EXERCISE DATA section start
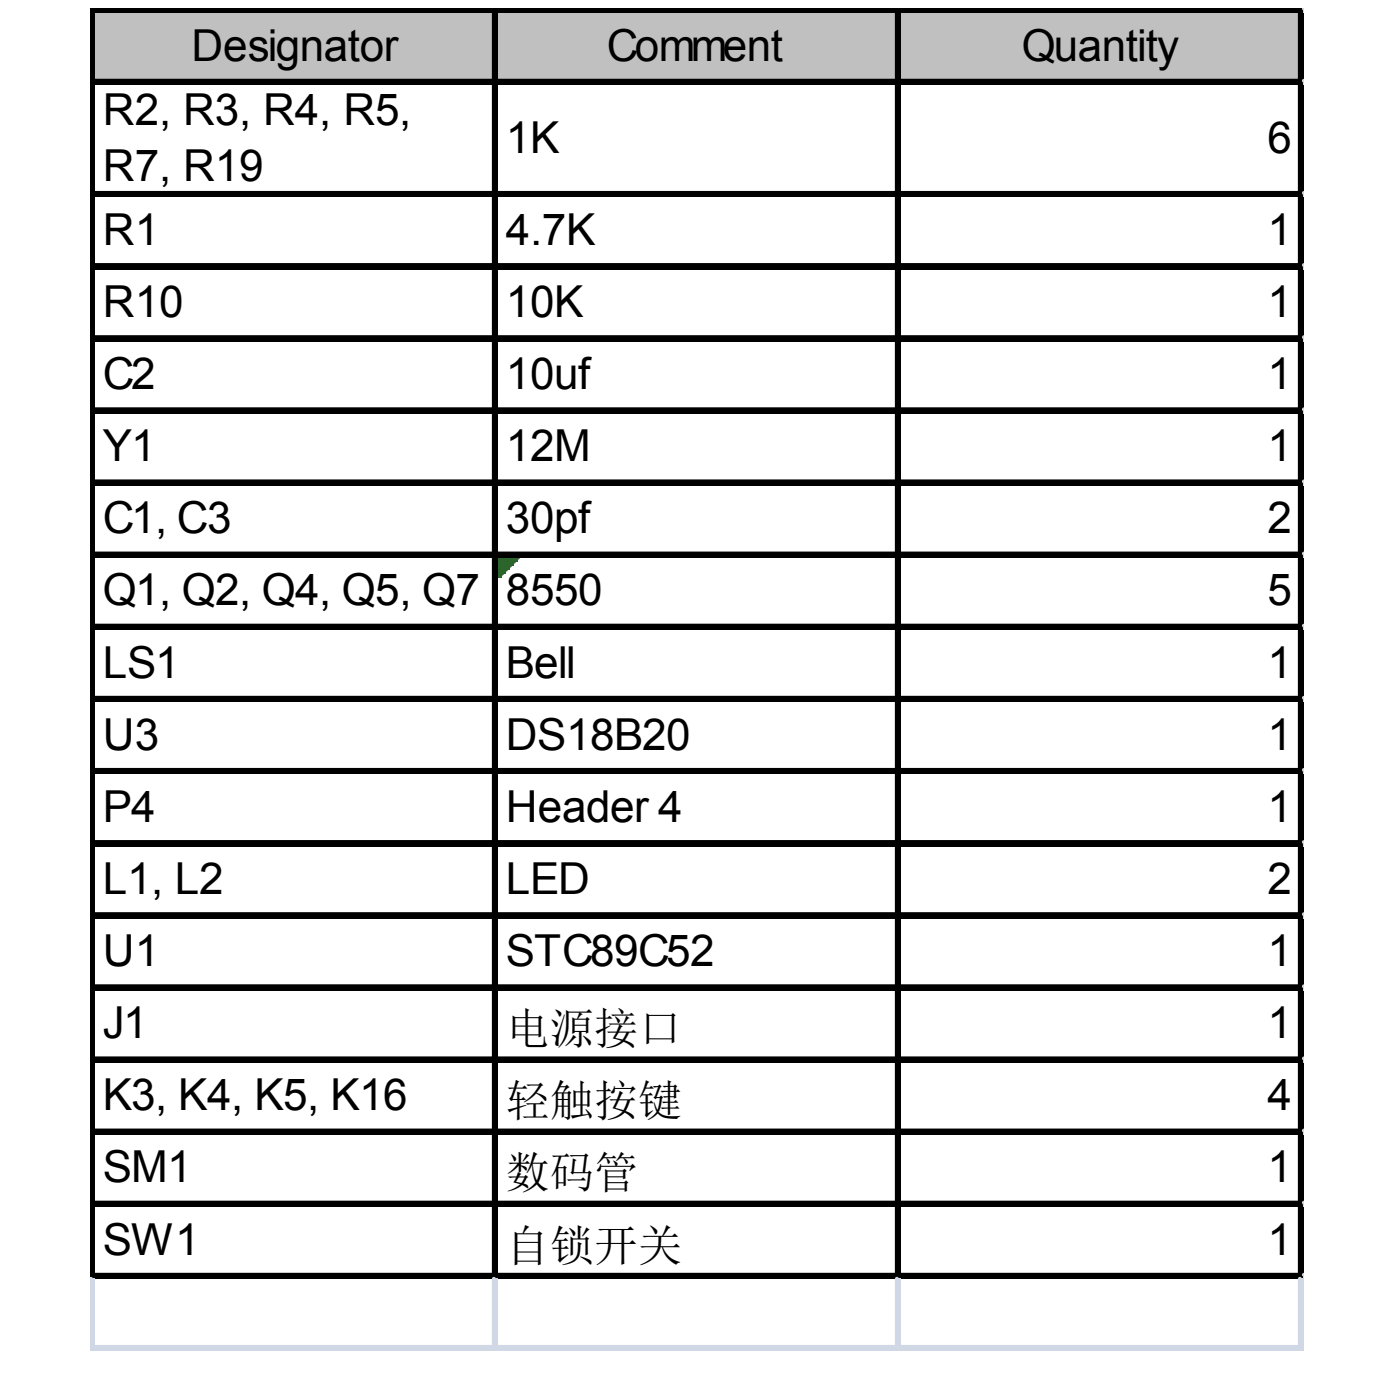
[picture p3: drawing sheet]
<svg xmlns="http://www.w3.org/2000/svg" width="100mm" height="98mm" viewBox="0 0 100 98" stroke-linecap="round" stroke-linejoin="round" font-family="sans-serif">
<defs><g id="words">
<g font-size="3.1">
<text x="13.7" y="4.3">Designator</text>
<text x="43.3" y="4.3">Comment</text>
<text x="72.9" y="4.3">Quantity</text>
<text x="7.3" y="8.9">R2, R3, R4, R5,</text>
<text x="36.1" y="10.9">1K</text>
<text x="90.4" y="10.9">6</text>
<text x="7.3" y="12.9">R7, R19</text>
<text x="7.3" y="17.5">R1</text>
<text x="36.1" y="17.5">4.7K</text>
<text x="90.4" y="17.5">1</text>
<text x="7.3" y="22.6">R10</text>
<text x="36.1" y="22.6">10K</text>
<text x="90.4" y="22.6">1</text>
<text x="7.3" y="27.7">C2</text>
<text x="36.1" y="27.7">10uf</text>
<text x="90.4" y="27.7">1</text>
<text x="7.3" y="32.9">Y1</text>
<text x="36.1" y="32.9">12M</text>
<text x="90.4" y="32.9">1</text>
<text x="7.3" y="38">C1, C3</text>
<text x="36.1" y="38">30pf</text>
<text x="90.4" y="38">2</text>
<text x="7.3" y="43.2">Q1, Q2, Q4, Q5, Q7</text>
<text x="36.1" y="43.2">8550</text>
<text x="90.4" y="43.2">5</text>
<text x="7.3" y="48.3">LS1</text>
<text x="7.3" y="53.4">U3</text>
<text x="36.1" y="48.3">Bell</text>
<text x="36.1" y="53.4">DS18B20</text>
<text x="90.4" y="48.3">1</text>
<text x="90.4" y="53.4">1</text>
<text x="7.3" y="58.6">P4</text>
<text x="36.1" y="58.6">Header 4</text>
<text x="90.4" y="58.6">1</text>
<text x="7.3" y="63.7">L1, L2</text>
<text x="36.1" y="63.7">LED</text>
<text x="90.4" y="63.7">2</text>
<text x="7.3" y="68.9">U1</text>
<text x="36.1" y="68.9">STC89C52</text>
<text x="90.4" y="68.9">1</text>
<text x="7.3" y="74">J1</text>
<text x="36.1" y="74.4">电源接口</text>
<text x="90.4" y="74">1</text>
<text x="7.3" y="79.1">K3, K4, K5, K16</text>
<text x="36.1" y="79.6">轻触按键</text>
<text x="90.4" y="79.1">4</text>
<text x="7.3" y="84.3">SM1</text>
<text x="7.3" y="89.4">SW1</text>
<text x="36.1" y="84.7">数码管</text>
<text x="36.1" y="89.8">自锁开关</text>
<text x="90.4" y="84.3">1</text>
<text x="90.4" y="89.4">1</text>
</g>
</g></defs>
<path d="M6.7 .9h86.3v5.1h-86.3z" fill="#c0c0c0"/>
<path d="M35.5 39.7h1.4" fill="none" stroke="#008000" stroke-width=".29"/>
<path d="M35.5 39.7h1.4v.3h-1.4z" fill="#008000"/>
<path d="M35.5 40h1.2" fill="none" stroke="#008000" stroke-width=".29"/>
<path d="M35.5 40h1.2v.3h-1.2z" fill="#008000"/>
<path d="M35.5 40.3h.9" fill="none" stroke="#008000" stroke-width=".29"/>
<path d="M35.5 40.3h.9v.3h-.9z" fill="#008000"/>
<path d="M35.5 40.6h.6" fill="none" stroke="#008000" stroke-width=".29"/>
<path d="M35.5 40.6h.6v.3h-.6z" fill="#008000"/>
<path d="M35.5 40.9h.3" fill="none" stroke="#008000" stroke-width=".29"/>
<path d="M35.5 40.9h.3v.3h-.3z" fill="#008000"/>
<g fill="none" stroke="#000" stroke-width=".29">
<path d="M6.5 .6v90.5M6.6 .6v90.5M6.8 .6h86.2M6.8 .8h86.2M6.8 5.8h86.2M6.8 5.9h86.2M6.8 13.8h86.2M6.8 13.9h86.2M6.8 18.9h86.2M6.8 19h86.2M35.2 .9v90.2M35.4 .9v90.2"/>
<path d="M64 .9v90.2M64.1 .9v90.2M92.7 .9v90.2M92.8 .9v90.2M6.8 24h86.2M6.8 24.2h86.2M6.8 29.2h86.2M6.8 29.3h86.2M6.8 34.3h86.2M6.8 34.5h86.2M6.8 39.5h86.2M6.8 39.6h86.2"/>
<path d="M6.8 44.6h86.2M6.8 44.7h86.2M6.8 49.7h86.2M6.8 49.9h86.2M6.8 54.9h86.2M6.8 55h86.2M6.8 60h86.2M6.8 60.2h86.2M6.8 65.2h86.2M6.8 65.3h86.2M6.8 70.3h86.2M6.8 70.4h86.2"/>
<path d="M6.8 75.4h86.2M6.8 75.6h86.2M6.8 80.6h86.2M6.8 80.7h86.2M6.8 85.7h86.2M6.8 85.9h86.2M6.8 90.9h86.2M6.8 91h86.2"/>
</g>
<path d="M93 .6h.1M6.5 91.1v5.2M6.6 91.1v5.2M35.2 91.1v5.2M35.4 91.1v5.2M64 91.1v5.2M64.1 91.1v5.2M92.7 91.1v5.2M92.8 91.1v5.2" fill="none" stroke="#d0d7e5" stroke-width=".29"/>
<path d="M93 .6v.3z" fill="#d0d7e5"/>
<path d="M93 5.8h.1" fill="none" stroke="#d0d7e5" stroke-width=".29"/>
<path d="M93 5.8v.2z" fill="#d0d7e5"/>
<path d="M93 13.8h.1" fill="none" stroke="#d0d7e5" stroke-width=".29"/>
<path d="M93 13.8v.2z" fill="#d0d7e5"/>
<path d="M93 18.9h.1" fill="none" stroke="#d0d7e5" stroke-width=".29"/>
<path d="M93 18.9v.3z" fill="#d0d7e5"/>
<path d="M93 24h.1" fill="none" stroke="#d0d7e5" stroke-width=".29"/>
<path d="M93 24v.3z" fill="#d0d7e5"/>
<path d="M93 29.2h.1" fill="none" stroke="#d0d7e5" stroke-width=".29"/>
<path d="M93 29.2v.3z" fill="#d0d7e5"/>
<path d="M93 34.3h.1" fill="none" stroke="#d0d7e5" stroke-width=".29"/>
<path d="M93 34.3v.3z" fill="#d0d7e5"/>
<path d="M93 39.5h.1" fill="none" stroke="#d0d7e5" stroke-width=".29"/>
<path d="M93 39.5v.2z" fill="#d0d7e5"/>
<path d="M93 44.6h.1" fill="none" stroke="#d0d7e5" stroke-width=".29"/>
<path d="M93 44.6v.3z" fill="#d0d7e5"/>
<path d="M93 49.7h.1" fill="none" stroke="#d0d7e5" stroke-width=".29"/>
<path d="M93 49.7v.3z" fill="#d0d7e5"/>
<path d="M93 54.9h.1" fill="none" stroke="#d0d7e5" stroke-width=".29"/>
<path d="M93 54.9v.3z" fill="#d0d7e5"/>
<path d="M93 60h.1" fill="none" stroke="#d0d7e5" stroke-width=".29"/>
<path d="M93 60v.3z" fill="#d0d7e5"/>
<path d="M93 65.2h.1" fill="none" stroke="#d0d7e5" stroke-width=".29"/>
<path d="M93 65.2v.2z" fill="#d0d7e5"/>
<path d="M93 70.3h.1" fill="none" stroke="#d0d7e5" stroke-width=".29"/>
<path d="M93 70.3v.3z" fill="#d0d7e5"/>
<path d="M93 75.4h.1" fill="none" stroke="#d0d7e5" stroke-width=".29"/>
<path d="M93 75.4v.3z" fill="#d0d7e5"/>
<path d="M93 80.6h.1" fill="none" stroke="#d0d7e5" stroke-width=".29"/>
<path d="M93 80.6v.3z" fill="#d0d7e5"/>
<path d="M93 85.7h.1" fill="none" stroke="#d0d7e5" stroke-width=".29"/>
<path d="M93 85.7v.3z" fill="#d0d7e5"/>
<path d="M93 90.9h.1" fill="none" stroke="#d0d7e5" stroke-width=".29"/>
<path d="M93 90.9v.2z" fill="#d0d7e5"/>
<path d="M6.5 96h86.5M6.5 96.1h86.5" fill="none" stroke="#d0d7e5" stroke-width=".29"/>
<use href="#words"/>
</svg>
EXERCISE DATA section end
**WHAT YOU WILL DO**. Reproduce each line from the records that contains the word "font".

**RESPONSE AREA**.
<svg xmlns="http://www.w3.org/2000/svg" width="100mm" height="98mm" viewBox="0 0 100 98" stroke-linecap="round" stroke-linejoin="round" font-family="sans-serif">
<g font-size="3.1">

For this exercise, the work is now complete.